Department of Orthopaedics, Faculty of Medicine, Khon Kaen University, Khon Kaen, 40002, Thailand.
Sci Rep. 2021 Oct 14;11(1):20444. doi: 10.1038/s41598-021-00092-1.
Biological reconstruction is widely used to reconstruct bone defects after resection of bone tumors in the extremities. This study aimed to identify risk factors for failure and to compare outcomes of the allograft, nonvascularized autograft, and recycled frozen autograft reconstruction after resection of primary malignant bone tumors in the extremities. A retrospective study was performed at a single center between January 1994 and December 2017. Ninety patients with primary malignant bone tumors of the extremities were treated with tumor resection and reconstruction using one of three bone graft methods: nonvascularized autograft (n = 27), allograft (n = 34), and recycled frozen autograft (n = 29). The median time for follow-up was 59.2 months (range 24-240.6 months). Overall failure of biological reconstruction occurred in 53 of 90 patients (58.9%).
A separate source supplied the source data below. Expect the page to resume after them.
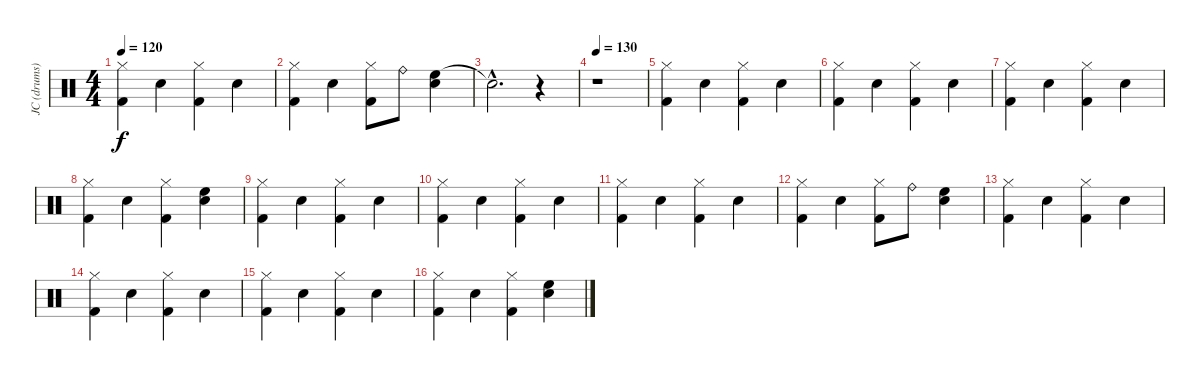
\track ("JC (drums)" "JC (drums)") {instrument percussion}
\staff {score}
\articulation defaults
\ts (4 4)
\tempo 120
\clef neutral
\ks c
("Hi-Hat (closed)" "Kick (hit) 2").4{dy f} "Electric Snare (hit)".4 ("Hi-Hat (closed)" "Kick (hit) 2").4 "Snare (hit) 2".4 |
("Hi-Hat (closed)" "Kick (hit) 2").4 "Electric Snare (hit)".4 ("Hi-Hat (closed)" "Kick (hit) 2").8 "Ride (bell)".8 ("High Floor Tom (hit)" "Snare (hit) 2").4 |
"Snare (hit)"{hac t}.2{d} r.4 |
\tempo 130
r.1 |
("Hi-Hat (closed)" "Kick (hit) 2").4 "Electric Snare (hit)".4 ("Hi-Hat (closed)" "Kick (hit) 2").4 "Snare (hit) 2".4 |
("Hi-Hat (closed)" "Kick (hit) 2").4 "Electric Snare (hit)".4 ("Hi-Hat (closed)" "Kick (hit) 2").4 "Snare (hit) 2".4 |
("Hi-Hat (closed)" "Kick (hit) 2").4 "Electric Snare (hit)".4 ("Hi-Hat (closed)" "Kick (hit) 2").4 "Snare (hit) 2".4 |
("Hi-Hat (closed)" "Kick (hit) 2").4 "Electric Snare (hit)".4 ("Hi-Hat (closed)" "Kick (hit) 2").4 ("High Floor Tom (hit)" "Snare (hit) 2").4 |
("Hi-Hat (closed)" "Kick (hit) 2").4 "Electric Snare (hit)".4 ("Hi-Hat (closed)" "Kick (hit) 2").4 "Snare (hit) 2".4 |
("Hi-Hat (closed)" "Kick (hit) 2").4 "Electric Snare (hit)".4 ("Hi-Hat (closed)" "Kick (hit) 2").4 "Snare (hit) 2".4 |
("Hi-Hat (closed)" "Kick (hit) 2").4 "Electric Snare (hit)".4 ("Hi-Hat (closed)" "Kick (hit) 2").4 "Snare (hit) 2".4 |
("Hi-Hat (closed)" "Kick (hit) 2").4 "Electric Snare (hit)".4 ("Hi-Hat (closed)" "Kick (hit) 2").8 "Ride (bell)".8 ("High Floor Tom (hit)" "Snare (hit) 2").4 |
("Hi-Hat (closed)" "Kick (hit) 2").4 "Electric Snare (hit)".4 ("Hi-Hat (closed)" "Kick (hit) 2").4 "Snare (hit) 2".4 |
("Hi-Hat (closed)" "Kick (hit) 2").4 "Electric Snare (hit)".4 ("Hi-Hat (closed)" "Kick (hit) 2").4 "Snare (hit) 2".4 |
("Hi-Hat (closed)" "Kick (hit) 2").4 "Electric Snare (hit)".4 ("Hi-Hat (closed)" "Kick (hit) 2").4 "Snare (hit) 2".4 |
("Hi-Hat (closed)" "Kick (hit) 2").4 "Electric Snare (hit)".4 ("Hi-Hat (closed)" "Kick (hit) 2").4 ("High Floor Tom (hit)" "Snare (hit) 2").4

The allograft group had the highest complication rates (n = 21, 61.8%), followed by the recycled frozen autograft (n = 17, 58.6%) and nonvascularized autograft (n = 15, 55. 6%) groups. There was no statistically significant difference among these three groups (p = 0.89). The mean MSTS score was 22.6 ± 3.4 in the nonvascularized autograft group, 23.4 ± 2.6 in the allograft group, and 24.1 ± 3.3 in the recycled frozen autograft group. There was no significant difference among the groups (p = 0.24). After bivariate and multivariable analyses, patient age, sex, tumor location, graft length, methods, and type of reconstruction had no effects on the failure of biological reconstruction. Biological reconstruction using allograft, nonvascularized autograft, and recycled frozen autograft provide favorable functional outcomes despite high complication rates. This comparative study found no significant difference in functional outcomes or complication rates among the different types of reconstruction.
生物重建广泛用于四肢骨肿瘤切除后的骨缺损重建。本研究旨在确定失败的风险因素,并比较四肢原发性恶性骨肿瘤切除后同种异体、非血管化自体和再循环冷冻自体移植重建的结果。这是一项单中心回顾性研究,时间为 1994 年 1 月至 2017 年 12 月。90 例四肢原发性恶性骨肿瘤患者采用肿瘤切除和三种骨移植物方法之一进行重建:非血管化自体(n=27)、同种异体(n=34)和再循环冷冻自体(n=29)。中位随访时间为 59.2 个月(范围 24-240.6 个月)。90 例患者中有 53 例(58.9%)发生生物重建失败。同种异体组并发症发生率最高(n=21,61.8%),其次是再循环冷冻自体组(n=17,58.6%)和非血管化自体组(n=15,55.6%)。三组间无统计学差异(p=0.89)。非血管化自体组 MSTS 评分平均为 22.6±3.4,同种异体组为 23.4±2.6,再循环冷冻自体组为 24.1±3.3。组间无显著差异(p=0.24)。二元和多变量分析后,患者年龄、性别、肿瘤位置、移植物长度、方法和重建类型对生物重建失败无影响。同种异体、非血管化自体和再循环冷冻自体重建虽然并发症发生率高,但提供了良好的功能结果。本比较研究发现,不同类型重建的功能结果或并发症发生率无显著差异。